We’re left with a card that is almost identical to the GTX 670, with slightly less memory bandwidth and a recommended retail price $100 cheaper. As you’ll see though, RRPs don’t mean a whole lot in the real world, and the price pressure on every other product has left the GTX 660 Ti in a rather sticky situation. Let’s see why.
To the testbench
We’d like to thank Gigabyte for supplying our review sample in the form of the new Gigabyte GTX 660Ti Windforce 2X. As seen with the release of the GTX 670, most GTX 660 Ti cards will ship pre-overclocked with a faster base and boost frequency, and the Gigabyte GTX 660 Ti is no exception. Base frequency has been given a healthy shot in the arm, increasing to 1032MHz, while Boost speed has also increased, up to 1111MHz. As the name suggests Gigabyte has employed its unique Windforce 2X cooler on this card, while output duties are handled by dual DVI ports and a single DisplayPort and HDMI port. Gigabyte has set a recommended retail price of $399 for this card, but retailers are currently selling it for anywhere between $398 and $450 at the time of writing.

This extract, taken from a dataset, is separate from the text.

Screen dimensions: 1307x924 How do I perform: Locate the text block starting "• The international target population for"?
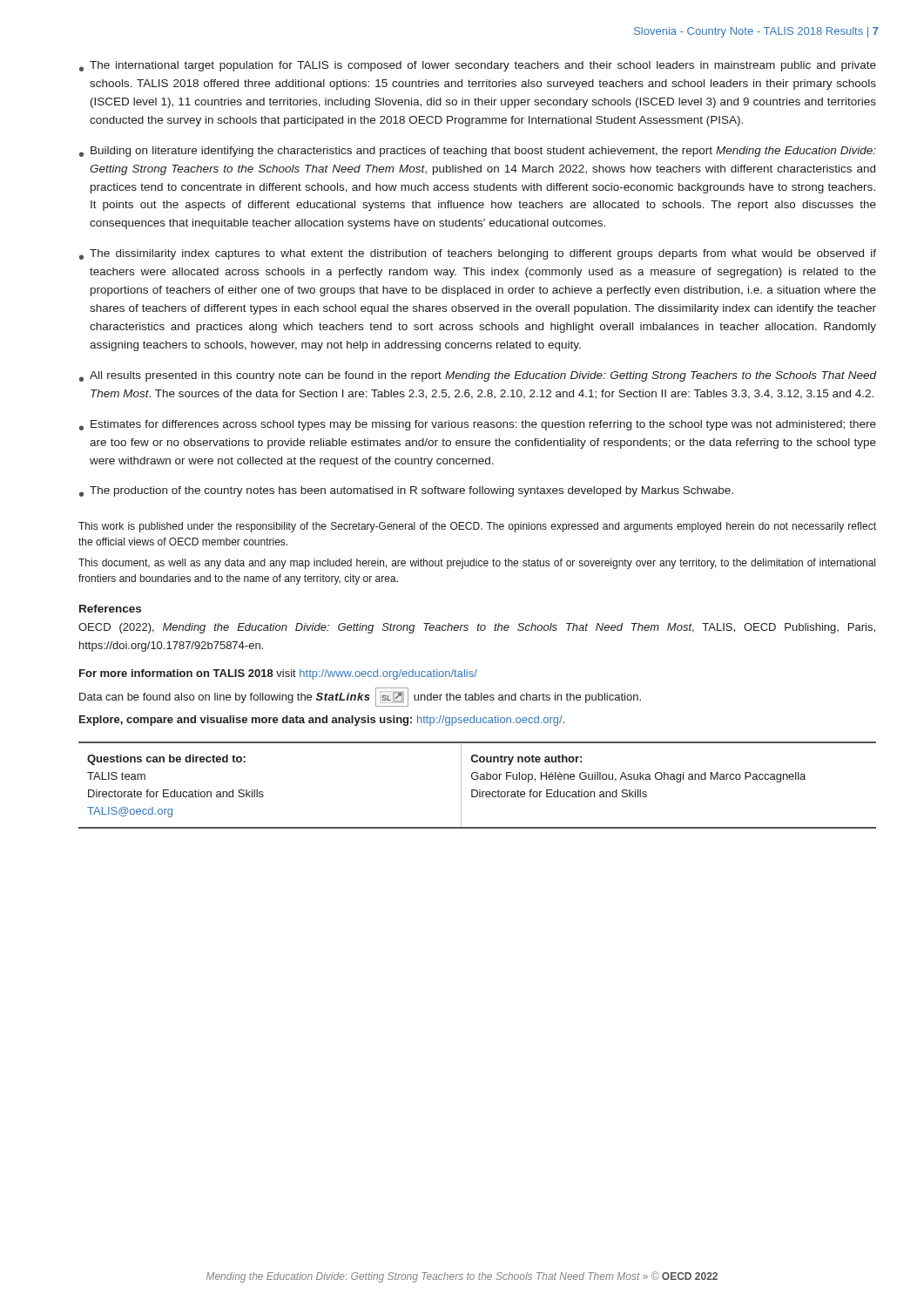point(477,93)

When compared to AMD’s offerings, today’s price puts it somewhere between the price of an AMD Radeon HD 7950 and 7970, the former of which has just received a healthy 15% performance increase courtesy of a new AMD BIOS. It’s also dangerously close in price to the cheapest GTX 670s on the market.

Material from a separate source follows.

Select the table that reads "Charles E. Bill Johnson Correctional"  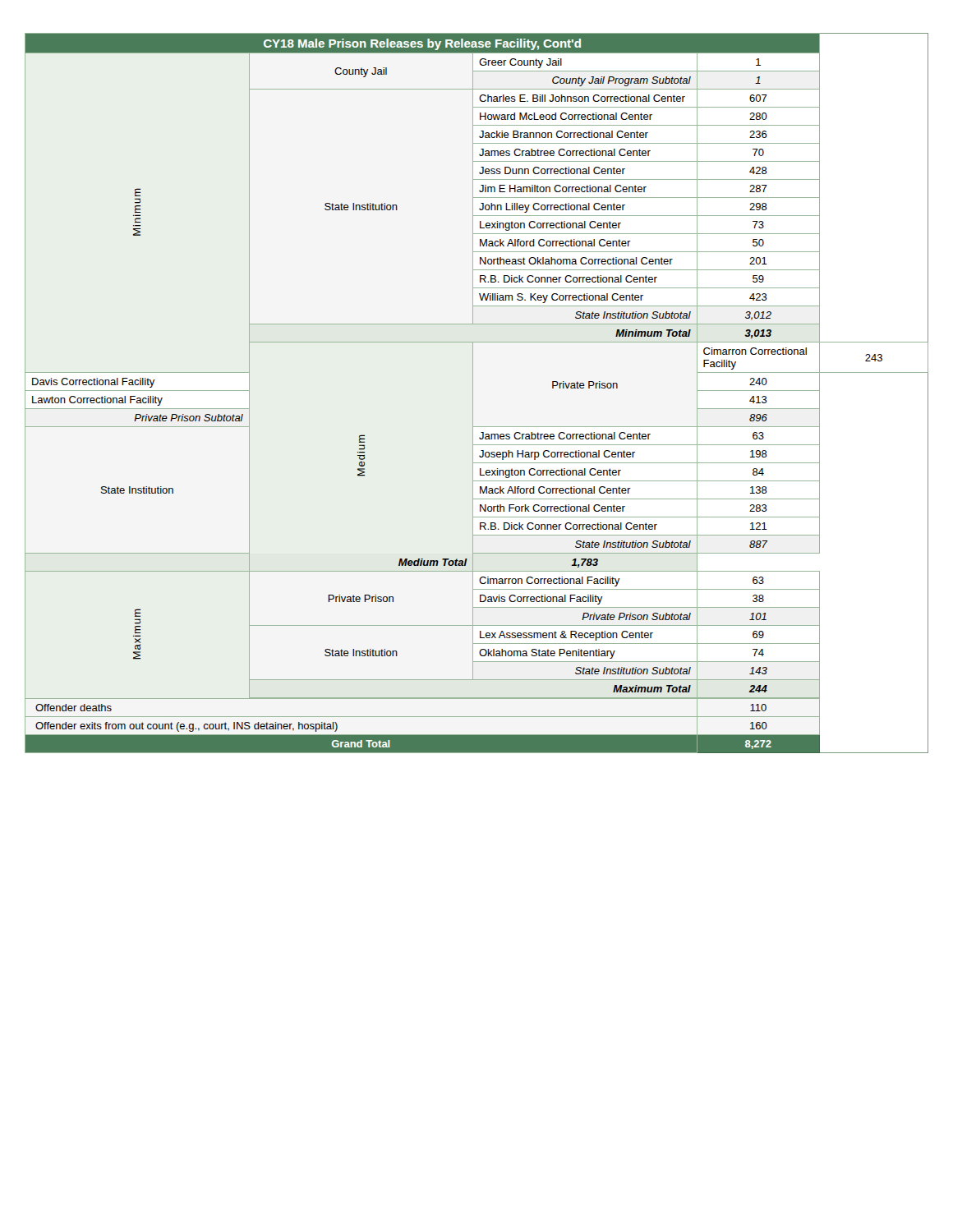tap(476, 393)

To ensure the testbench wasn’t the limiting factor in the benchmarks, I tested the cards on a machine out of the price range of mere mortals. At its heart is Intel’s rather zippy and ridiculously expensive i7 3960X CPU, mounted in an Intel DX79SI motherboard with 8GB of DDR3-1800. Continuing the Intel theme was the use of a 520 series SSD, while all audio was disabled for testing. Given that this card is aiming at users with 1920 x 1080 displays, all tests were run at this resolution. Ultra detail was selected for every benchmark, and I used the in-game benchmarks for both DiRT 3 and Shogun 2. Battlefield 3 doesn’t include an automatic benchmark, so instead I recorded the minimum and average FPS of the opening 60 seconds of the Operation: Swordbreaker mission with FRAPS.
So, how did the card perform? As expected, 3DMark 11 performance was extremely respectable, almost matching the more expensive Radeon HD 7970. DiRT 3 sadly wasn’t nearly as impressive, with the 660 Ti left eating the dust of the 7970 but proving an even match for the more affordable Radeon HD 7950. Battlefield 3 performance also saw the 660 Ti keeping pace with the 7950, albeit with a better minimum frame rate. The final test of Shogun 2 saw the GTX 660 Ti record a healthy lead over its more expensive brethren, which caused more than a few raised eyebrows. After pinging my local NVIDIA rep, it turns out that this is caused by a performance fix incorporated into the review drivers for the GTX 660 Ti, which should soon make their way into NVIDIA’s WHQL drivers.
The final test used a sound meter to test fan noise while each card was under extreme load, and the Gigabyte card came out in the middle of the pack. Amazingly, Gigabyte’s cooler managed to stay at the exact same volume during my overclocking tests, where I reached a maximum stable GPU core speed of 1250MHz and memory frequency of 7GHz. At these speeds it’s safe to expect another 10% boost in performance, if not a little more.
To buy, or not to buy
There’s no denying that ordinarily the Gigabyte GTX 660 Ti would be a very capable product for the price. But these are no ordinary times, with the fierce competition between AMD and NVIDIA causing video card prices to plummet. At the time of writing, the cheapest GTX 670 in Australia is selling for just $399, while the most affordable Radeon HD 7970 is only $50 more, both prices that the Gigabyte GTX 660 Ti is currently selling for. At these prices both offer noticeably better performance than the GTX 660 Ti, so they obviously get our nod of approval.
Thankfully the shine will start to wear off the GTX 660 Ti’s launch in a month or two, and street prices should drop to around the $350 price point. But even then it’s going to be hard to swallow a 20% performance drop for a mere $50 saving, so Gigabyte is going to have to figure out how to drop the prices even more. As we’ve seen in the past with the GTX 670 versus the GTX 680, NVIDIA (and Gigabyte’s) greatest competition isn’t even AMD – it’s itself.
- Excellent performance while remaining whisper quiet
- Decent overclocker
- Solid value for money
- Outshone by the GTX 670 and Radeon 7970
- Retailers aren’t sticking to the RRP